After the National Electoral Institute (INE) last week ordered him to abstain from speaking about electoral issues, President López Obrador has turned to others to help him get his desired messages across anyway.
On Wednesday, López Obrador launched a new segment for his morning press conferences, or mañaneras, in which he will present the remarks of selected people on issues related to the 2024 elections.
“As I can no longer say much … I’m going to have a new section,” he said, adding that his proposal was to call it “No lo digo yo” (It’s Not Me Saying It).
The views of others will be presented “so that the people have information,” López Obrador said.
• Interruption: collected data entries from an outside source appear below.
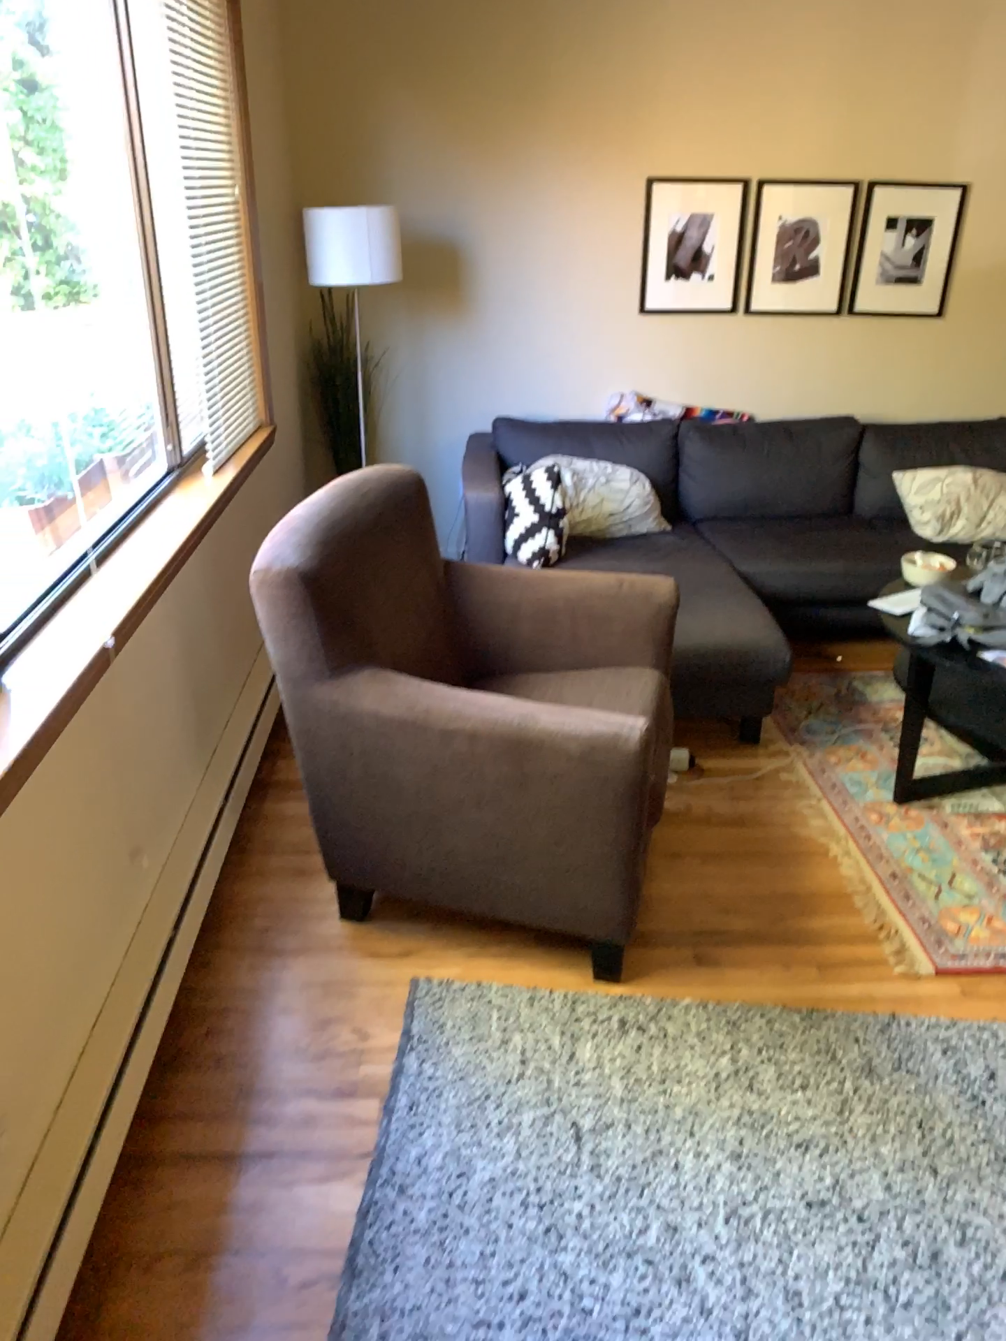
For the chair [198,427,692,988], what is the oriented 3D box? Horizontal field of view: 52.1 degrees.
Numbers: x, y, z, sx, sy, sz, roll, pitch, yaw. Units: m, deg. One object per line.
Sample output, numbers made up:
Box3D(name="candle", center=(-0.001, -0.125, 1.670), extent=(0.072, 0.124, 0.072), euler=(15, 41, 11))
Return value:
Box3D(name="chair", center=(-0.024, 0.001, 2.245), extent=(0.801, 0.875, 0.884), euler=(3, 25, 11))
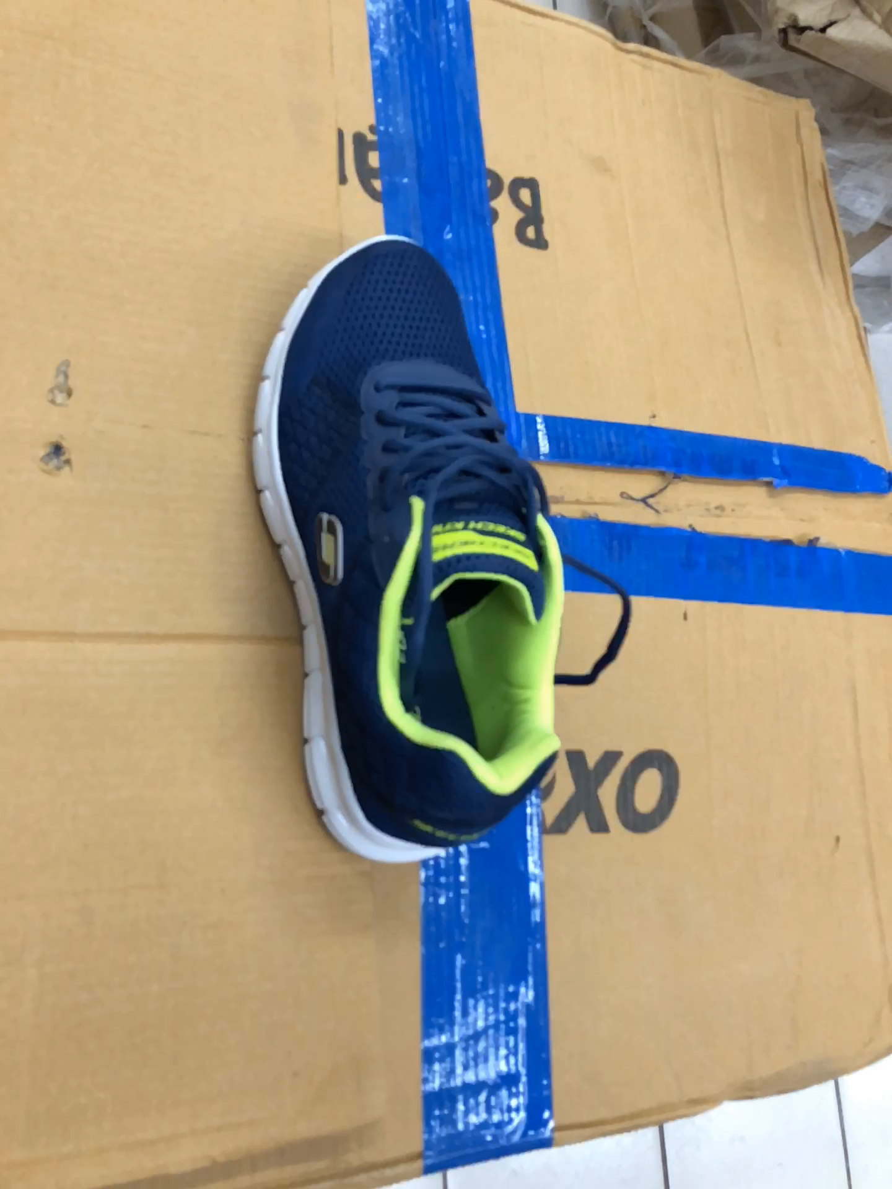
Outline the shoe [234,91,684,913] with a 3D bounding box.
[{"bbox_3d":[-0.008,-0.030,0.410,0.111,0.129,0.290,-2,78,-26],"label":"shoe"}]
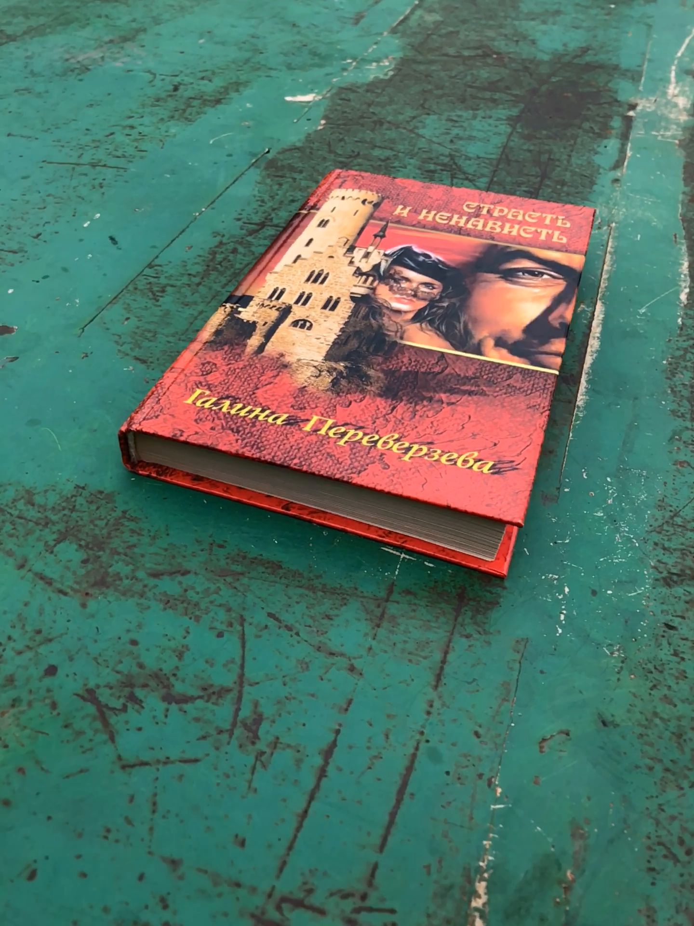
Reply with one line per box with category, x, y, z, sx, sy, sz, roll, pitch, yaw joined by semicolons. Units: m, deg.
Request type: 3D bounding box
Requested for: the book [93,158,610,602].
book;0.020;-0.056;0.312;0.144;0.030;0.211;15;46;12
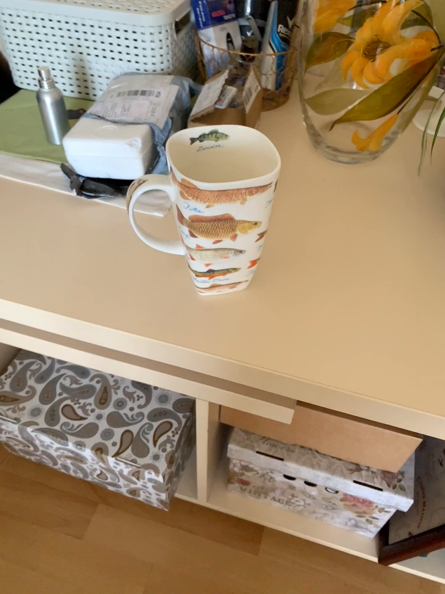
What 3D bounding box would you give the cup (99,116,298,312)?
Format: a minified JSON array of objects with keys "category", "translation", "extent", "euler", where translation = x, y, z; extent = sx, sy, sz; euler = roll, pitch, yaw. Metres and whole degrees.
[{"category":"cup","translation":[-0.025,-0.074,0.405],"extent":[0.139,0.121,0.092],"euler":[-11,48,-13]}]
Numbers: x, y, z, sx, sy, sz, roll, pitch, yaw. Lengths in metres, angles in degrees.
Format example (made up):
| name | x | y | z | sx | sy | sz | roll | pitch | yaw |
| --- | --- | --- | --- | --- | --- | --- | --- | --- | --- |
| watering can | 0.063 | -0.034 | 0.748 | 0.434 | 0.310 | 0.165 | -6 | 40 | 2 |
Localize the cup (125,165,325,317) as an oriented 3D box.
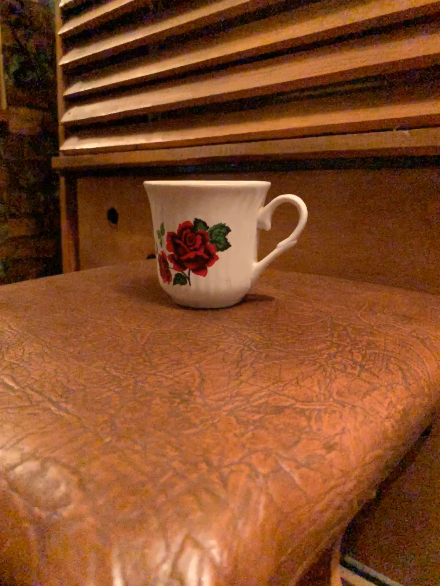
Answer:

He inaugurated the new segment with an interview broadcast earlier this week in which former president Vicente Fox made a potentially damaging remark about Senator Xóchitl Gálvez, an aspirant to the Broad Front for Mexico’s candidacy for the 2024 presidential election.
Disparaging comments made by López Obrador about Gálvez — such as that she is the “candidate of the mafia of power” and a “puppet of the oligarchy” — prompted the senator to file a complaint with INE, which led the elections oversight agency to impose an electoral issues gag order on the president.
In the video presented by AMLO on Wednesday, Fox said that “lazy people” don’t have a place in government or “the country,” and asserted that citizens should find a job rather than depend on welfare payments.
“As Xóchitl says, get to work cabrones [assholes],” Fox said.
López Obrador called for the remark to be played again, saying that it went to “the heart of the matter.”
“INE, … I have been notified, I’m not going to say [anything],” added the president, who has claimed that Gálvez is opposed to government welfare and social programs.
However, the National Action Party (PAN) senator — currently considered the leading aspirant to the nomination of the PAN-PRI-PRD-backed Broad Front for Mexico — affirmed her commitment to welfare and social programs in a video posted to Twitter late last month in which she declared she would become the next president of Mexico.
“I’m convinced that the social programs are absolutely essential,” she said.
López Obrador on Wednesday morning didn’t say how frequently he intended to present his new mañanera segment or reveal who else would appear in it. He has repeatedly railed against the INE’s ruling, characterizing it as an attack on his right to free speech.